Par une ordonnance n° 19VE01141 du 26 novembre 2019, le président de la 1ère chambre de la cour administrative d'appel de Versailles a rejeté, sur le fondement de l'article R. 222-1 du code de justice administrative, l'appel formé par le ministre de l'action et des comptes publics contre ce jugement.
Par une décision n° 436696 du 17 juin 2021, le Conseil d'Etat, statuant au contentieux, a annulé cette ordonnance et a renvoyé l'affaire à la cour administrative d'appel de Versailles, où elle a été enregistrée sous le n° 1VE01815.
Procédure devant la cour :
Par une requête, enregistrée le 1er avril 2019 et, après cassation, par des mémoires, enregistrés les 4 août et 6 octobre 2021, le ministre de l'économie, des finances et de la relance demande à la cour :
1°) d'annuler le jugement n° 1708764 du 6 décembre 2018 du tribunal administratif de Montreuil ;
2°) de remettre à la charge de la société Klemurs les suppléments de cotisation sur la valeur ajoutée des entreprises auxquelles elle a été assujettie au titre des années 2014 et 2015 et dont le tribunal a prononcé la décharge.
Le ministre soutient que :
- la mesure transitoire prévue au II de l'article 1586 sexies du code général des impôts ne s'applique pas aux activités de location ou de sous-location d'immeubles nus déjà exercées à titre professionnel au sens du I de l'article 1447 du même code ; or, l'activité exercée par la société Klemurs présente un caractère professionnel ;
- les baux et sous-baux accordés par cette dernière prévoient un loyer déterminé en fonction du chiffre d'affaires du preneur, qui est tenu à la présentation de l'ensemble de ses livres ainsi qu'à la certification, à ses frais, de ses déclarations de chiffre d'affaires qu'il doit adresser au bailleur ;
- en outre, la société Klemurs soumet contractuellement le preneur à des obligations dépassant le cadre d'une simple gestion patrimoniale en lui imposant d'exercer une activité donnée sous une enseigne déterminée, une clause de non-concurrence lui interdisant l'exercice d'une activité de même nature que celle exploitée dans les locaux loués dans un rayon de 5 kilomètres ou des clauses encadrant l'exercice de son droit de cession du bail et interdisant toute mise en location-gérance sans son accord.

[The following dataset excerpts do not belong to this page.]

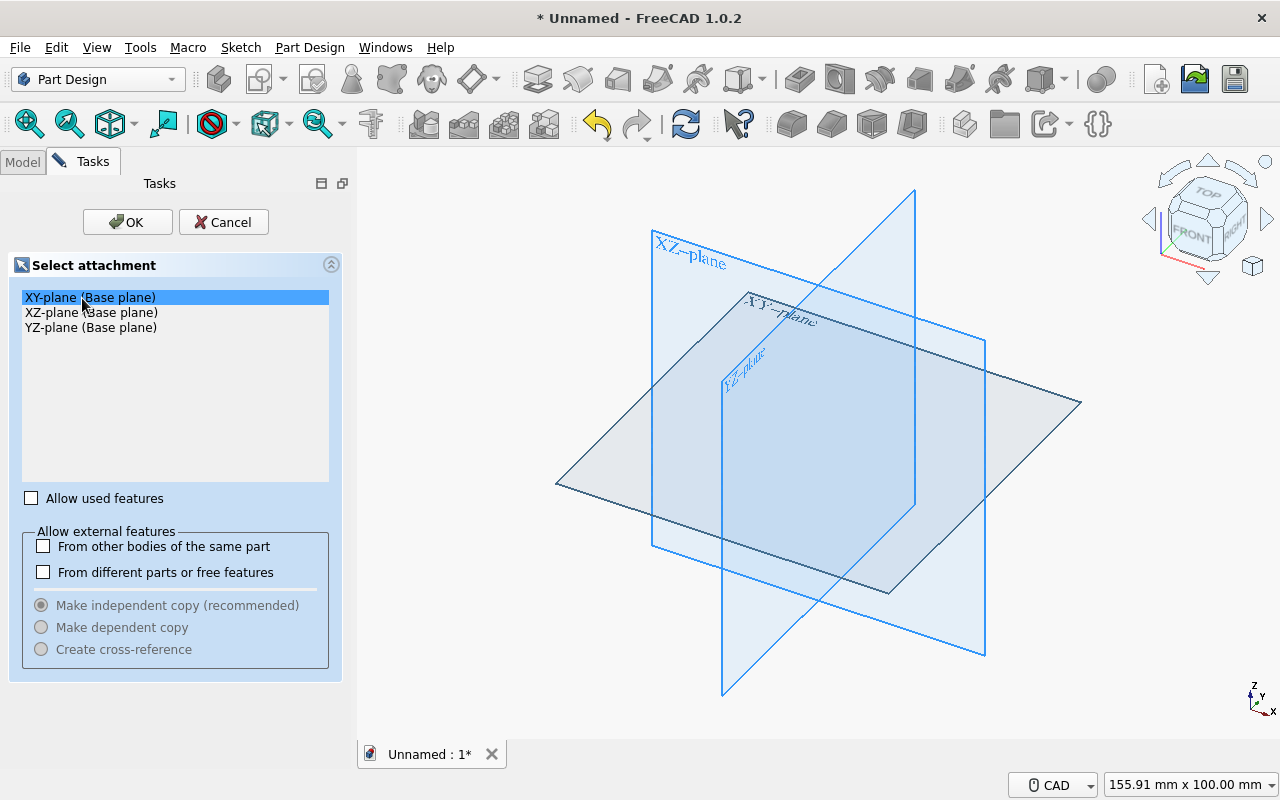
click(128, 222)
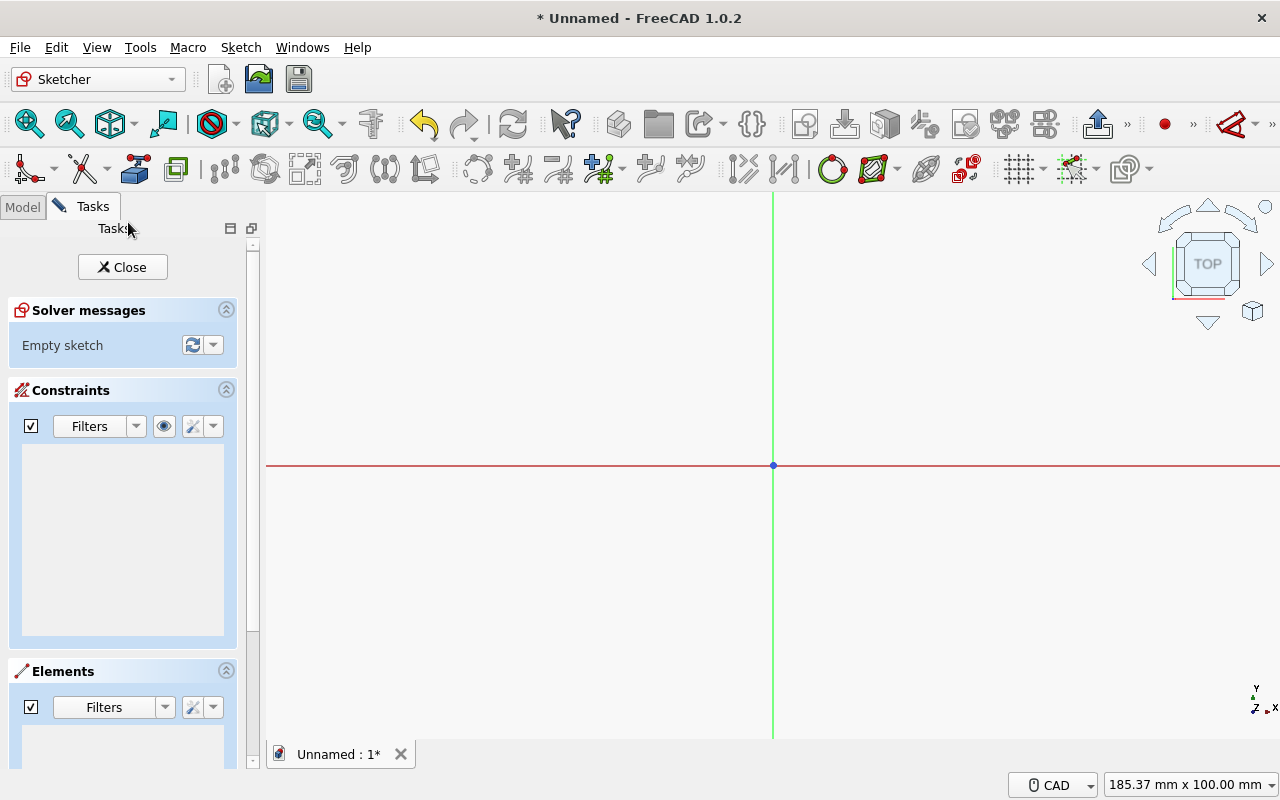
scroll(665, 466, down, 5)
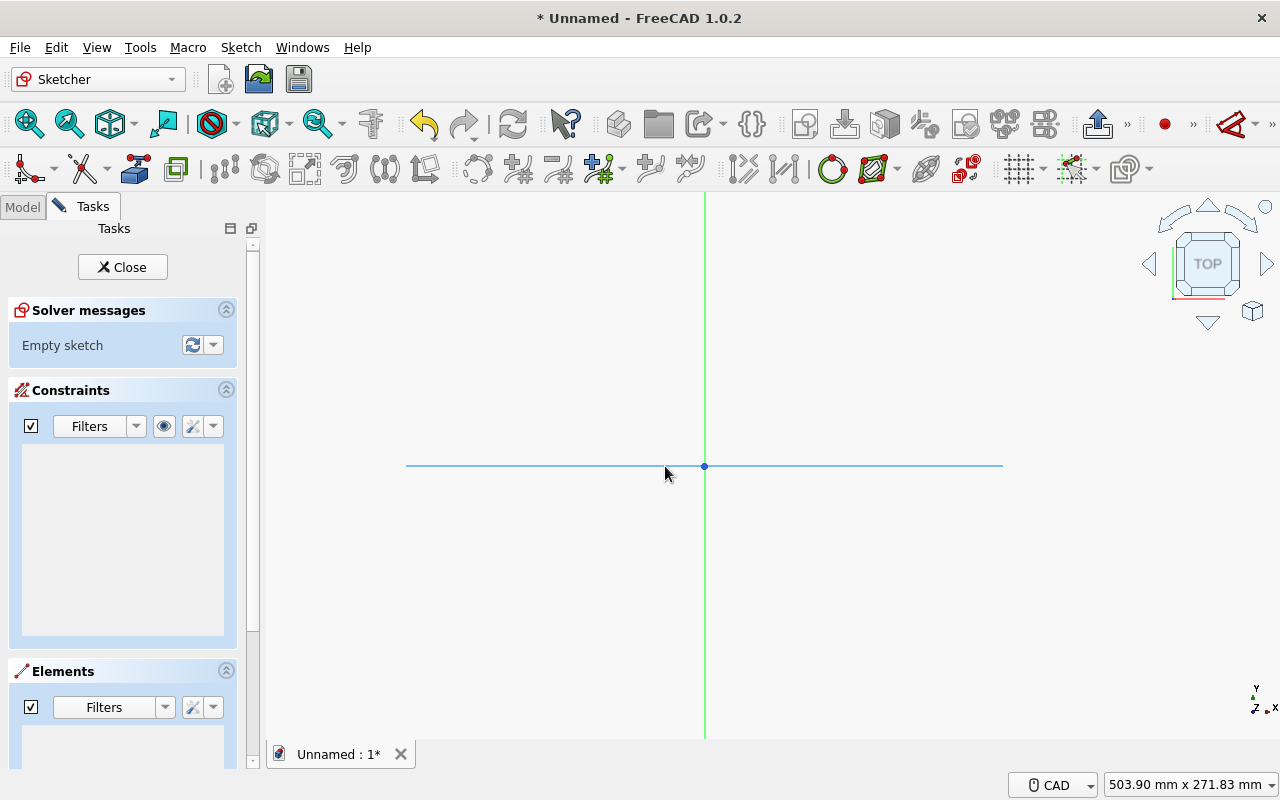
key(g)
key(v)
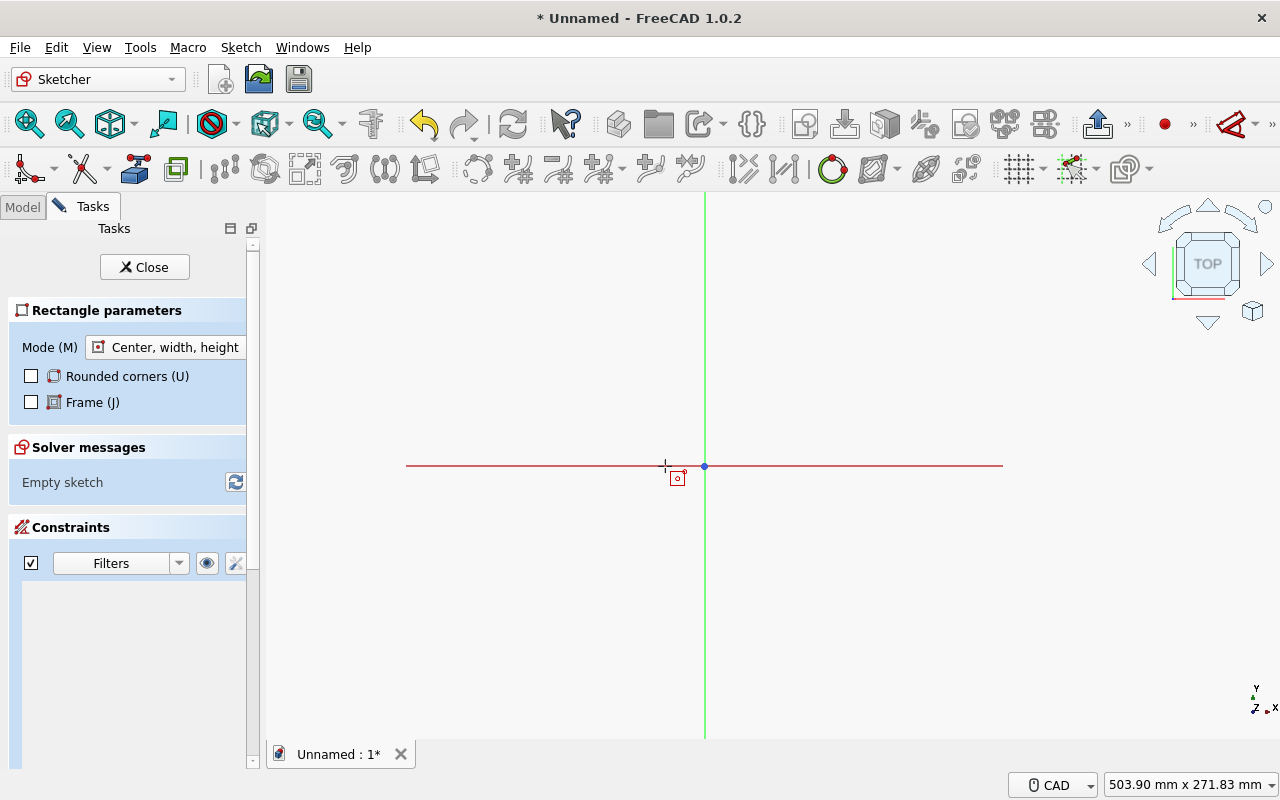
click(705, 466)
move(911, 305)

Par des mémoires en défense, enregistrés, après cassation, les 7 septembre 2021 et 17 mars 2022, la société Klemurs, représentée par Me Goarant-Moraglia, avocat, conclut au rejet de la requête.
Elle soutient que les moyens soulevés par le ministre de l'économie, des finances et de la relance ne sont pas fondés.
Vu les autres pièces du dossier.
Vu :
- le code général des impôts et le livre des procédures fiscales ;
- le code de commerce ;
- le code de justice administrative.
Les parties ont été régulièrement averties du jour de l'audience.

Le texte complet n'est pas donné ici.